Routing MAY be implemented as:

  • policy-based routing (code-driven),
  • routing tables (config-driven),
  • topology-driven routing (e.g., mesh XY),
  • or a hybrid approach.

Routing MUST:

  • consume decoded address domains or explicit placement tags,
  • operate only on explicit topology connectivity,
  • remain deterministic.

Kernel execution requests reference tensors via PA shard mappings.
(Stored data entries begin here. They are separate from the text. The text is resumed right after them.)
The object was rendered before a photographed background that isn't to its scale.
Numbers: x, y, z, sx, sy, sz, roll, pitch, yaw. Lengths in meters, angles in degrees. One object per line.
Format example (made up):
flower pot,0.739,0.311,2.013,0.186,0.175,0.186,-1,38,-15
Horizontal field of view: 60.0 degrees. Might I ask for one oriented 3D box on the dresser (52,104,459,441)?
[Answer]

Each shard explicitly identifies its target PE, allowing IO_CPU to deterministically fan-out execution without relying on PA decoding.


3. Inputs and Identity

3.1 Node Identity Scheme

Nodes MUST have stable, parsable identifiers sufficient for domain inference and trace-based debugging.

Example patterns:

  • tray.host_cpu
  • sip{S}.io{I}.pcie_ep
  • sip{S}.cube{C}.fabric
  • sip{S}.cube{C}.pe{P}
  • sip{S}.cube{C}.hbm_ctrl

A link MAY include:

  • fixed latency (ns),
  • bandwidth (GB/s) for serialization latency,
  • optional capacity for contention modeling.
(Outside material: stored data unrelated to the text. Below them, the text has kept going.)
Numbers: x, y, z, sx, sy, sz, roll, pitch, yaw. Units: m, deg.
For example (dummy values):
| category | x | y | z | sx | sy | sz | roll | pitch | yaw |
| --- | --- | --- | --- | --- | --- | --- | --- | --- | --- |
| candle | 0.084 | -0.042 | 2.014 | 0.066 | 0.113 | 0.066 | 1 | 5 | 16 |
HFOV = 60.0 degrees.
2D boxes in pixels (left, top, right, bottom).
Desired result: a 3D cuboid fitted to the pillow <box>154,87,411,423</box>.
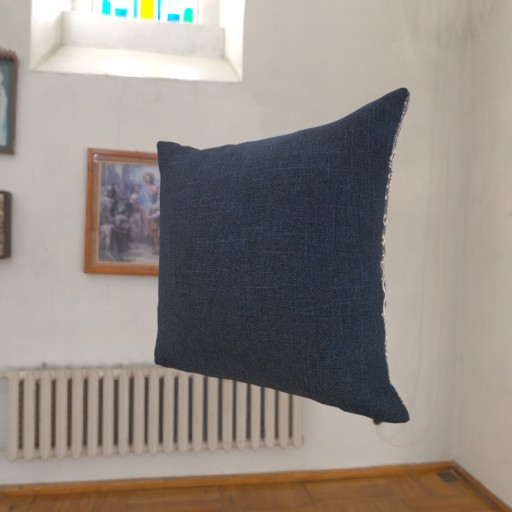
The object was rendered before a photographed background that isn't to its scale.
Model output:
| category | x | y | z | sx | sy | sz | roll | pitch | yaw |
| --- | --- | --- | --- | --- | --- | --- | --- | --- | --- |
| pillow | 0.000 | 0.000 | 0.792 | 0.546 | 0.487 | 0.180 | 0 | 1 | 37 |

Topology builders MUST ensure:

  • required links exist,
  • link parameters are consistent with topology intent.

4. Output, Debuggability, and Diagrams

The simulator MUST provide:

  • per-request hop-by-hop traces with timestamps,
  • clear error messages for missing connectivity (e.g., "no link for A → B"),
  • reproducible, inspectable representations of the modeled system.
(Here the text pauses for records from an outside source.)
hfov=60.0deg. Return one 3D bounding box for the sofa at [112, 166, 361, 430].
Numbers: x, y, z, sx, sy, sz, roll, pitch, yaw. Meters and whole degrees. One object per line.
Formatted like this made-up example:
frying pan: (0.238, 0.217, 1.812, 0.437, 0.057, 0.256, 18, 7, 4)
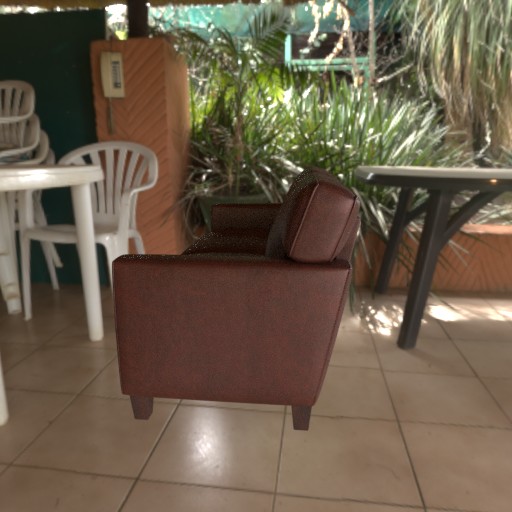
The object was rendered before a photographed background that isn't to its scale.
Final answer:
sofa: (0.000, 0.000, 2.428, 0.912, 0.928, 1.876, 1, 13, 6)

Diagrams are derived artifacts of the simulator model:

  • They MUST be generatable from the compiled topology and distance metadata used by execution and routing.
  • Generation MAY be performed lazily or cached by the implementation, as long as outputs remain consistent with the compiled topology.

Diagram abstraction levels and distance-aware layout rules are defined in ADR-0005. Automatic diagram generation and output conventions are defined in ADR-0006.

By default, generated diagrams are written under:

  • docs/diagrams/

5. Non-Goals (for now)

The following are explicitly out of scope:

  • cycle-accurate microarchitecture modeling,
  • detailed cache coherence protocols,
  • full PCIe / CXL protocol correctness.

These MAY be layered later via additional components and policies.


6. Decision Boundaries

  • SPEC.md defines architectural intent and invariants.
  • Code implements SPEC and MUST NOT introduce hidden invariants.
  • Tests validate SPEC-defined behavior and MUST NOT encode fixed topology assumptions.
  • ADRs record non-trivial architectural decisions and MUST be referenced when relevant.